Ощупью до поручня, по нему дополз до двери. Вот она. Кремальера внизу — задраились. Он постучал по ней рукой — ему сразу ответили,— есть там люди, есть! Теперь вверх её. Он нажал, но она не поддалась, мало того — обжалась, опустилась вниз. Не пускают, гады, не пускают. Ну, конечно, дым полезет к ним. Ну, теперь можно молотить в дверь руками и ногами, можно кричать, выпуская в этом бесполезном крике весь ненужный теперь воздух из лёгких!
И он закричал.
И проснулся. Тишина. Он лежит на верхней койке, в каюте, в отсеке. Это его каюта, его койка, его отсек. Он сразу узнал. Темно — в каюте нет света. Ни звука, если не считать ровного гудения вентиляторов и того, что он дышит как паровоз и в висках работают упрямые молоточки.
Господи, неужели приснилось?
Послышались голоса. Они там, за дверью. Это спокойные голоса — перекликаются вахтенные. Они словно кулики болотные, будто говорят друг другу: «Всё хорошо».
А вот и узоры на двери. Красивые. И до всего можно дотронуться. На всё хватит времени. И он коснулся, потрогал. Ему было нужно. И руки натыкались на бугорки, порезы, заусенцы. А потом он вышел, дотянул по стеночке до холодного поручня и до скользкой на ощупь кремальеры. Он долго стоял у двери. Всё вспоминал, вспоминал.
Навстречу полезли люди, и он их пропустил. Хотя это они не пускали его в отсек тогда, и он их тогда ненавидел. И кажется, он их и сейчас ненавидит. Ну, конечно. Их же можно схватить теперь за грудки и душу из них вытрясти. Даже кулаки сжались. Фу ты, Господи!
— Ты чего? — спросили его.
— Да так,— сказал он и рассмеялся.
Чутье
У нас командир три автономки подряд сделал. Не вынимая. Вредно это для организма, когда не вынимая. Сдвинуться в нём что-нибудь может, в организме.
У нашего командира, по-моему, сдвинулось: в середине автономки ему захотелось, чтоб все пели.
— Вы же не знаете ни одной строевой песни,— говорил он нам, командирам боевых частей, на докладах,— используйте время здесь, в автономке.
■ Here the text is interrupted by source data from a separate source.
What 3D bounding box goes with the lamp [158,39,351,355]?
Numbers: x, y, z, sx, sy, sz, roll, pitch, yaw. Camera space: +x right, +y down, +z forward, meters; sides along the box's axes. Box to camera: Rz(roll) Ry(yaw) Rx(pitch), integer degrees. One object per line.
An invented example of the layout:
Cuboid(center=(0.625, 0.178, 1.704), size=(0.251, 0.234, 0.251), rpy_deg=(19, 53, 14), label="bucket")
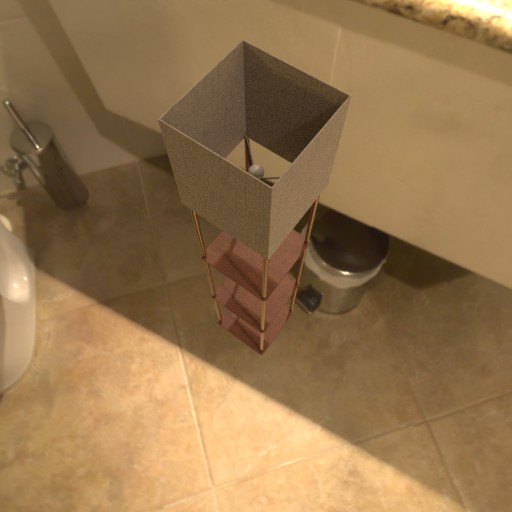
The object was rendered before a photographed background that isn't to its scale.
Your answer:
Cuboid(center=(0.000, 0.000, 1.696), size=(0.308, 1.569, 0.310), rpy_deg=(34, 69, 14), label="lamp")
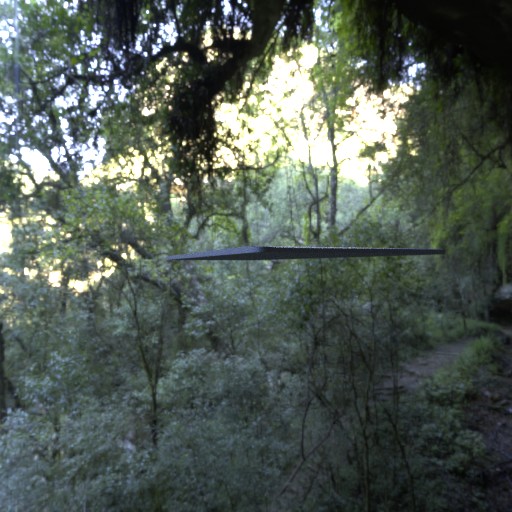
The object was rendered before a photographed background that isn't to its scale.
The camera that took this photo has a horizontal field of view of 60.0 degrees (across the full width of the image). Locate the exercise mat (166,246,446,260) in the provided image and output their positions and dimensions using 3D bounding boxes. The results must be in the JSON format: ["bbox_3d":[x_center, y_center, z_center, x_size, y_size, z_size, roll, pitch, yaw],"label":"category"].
[{"bbox_3d":[0.000,0.000,2.111,0.616,0.021,1.884,0,-1,-19],"label":"exercise mat"}]
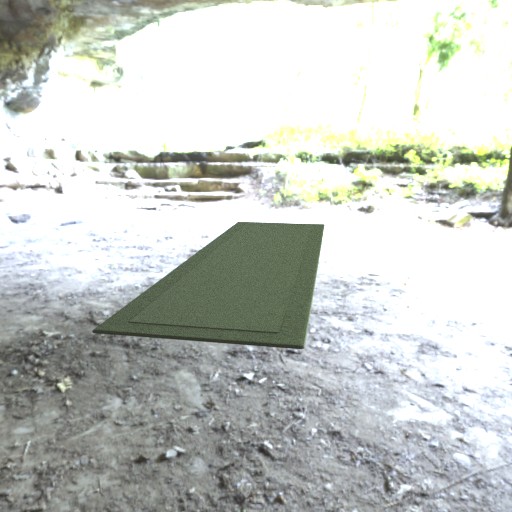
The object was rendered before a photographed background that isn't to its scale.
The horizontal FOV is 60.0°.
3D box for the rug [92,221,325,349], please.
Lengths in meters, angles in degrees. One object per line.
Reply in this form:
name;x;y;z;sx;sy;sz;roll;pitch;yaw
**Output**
rug;0.000;0.000;2.678;0.759;0.012;2.430;2;14;10
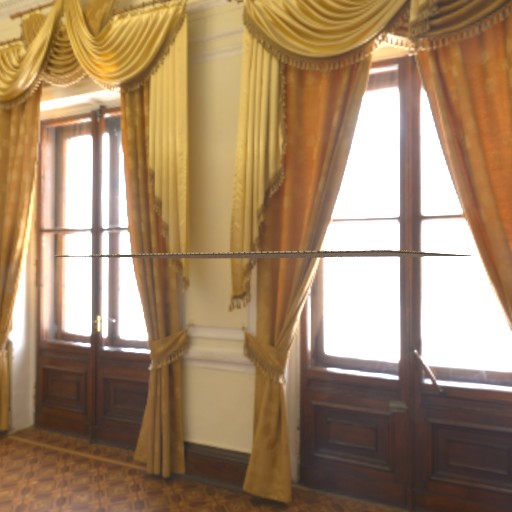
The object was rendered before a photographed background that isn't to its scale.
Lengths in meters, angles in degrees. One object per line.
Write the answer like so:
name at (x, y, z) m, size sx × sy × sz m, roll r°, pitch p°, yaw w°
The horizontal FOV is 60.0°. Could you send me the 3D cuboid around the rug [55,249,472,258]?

Что вы на меня так уставились? Учите. Учите народ. Пусть народ поёт. Нас по приходу могут проверить на знание строевой песни.
Потом командир приказал распечатать текст двух песен, по сто экземпляров каждую, и раздать народу.
И мы запели.
Пели мы целыми боевыми сменами, перед заступлением на вахту, боевыми частями пели и в одиночку…
Всё-таки три автономки в год — это много.
Даже для командира.
По ночам кают-компания — этот рассадник антикомандирских настроений — потешалась:
— …Ну, теперь нам хорошо…
— Дождались…
— Наступили времена…
— А то я думал, чем бы занять мой пылающий мозг?!
— Песней. Теперь все будем петь. Ежедневные спевки.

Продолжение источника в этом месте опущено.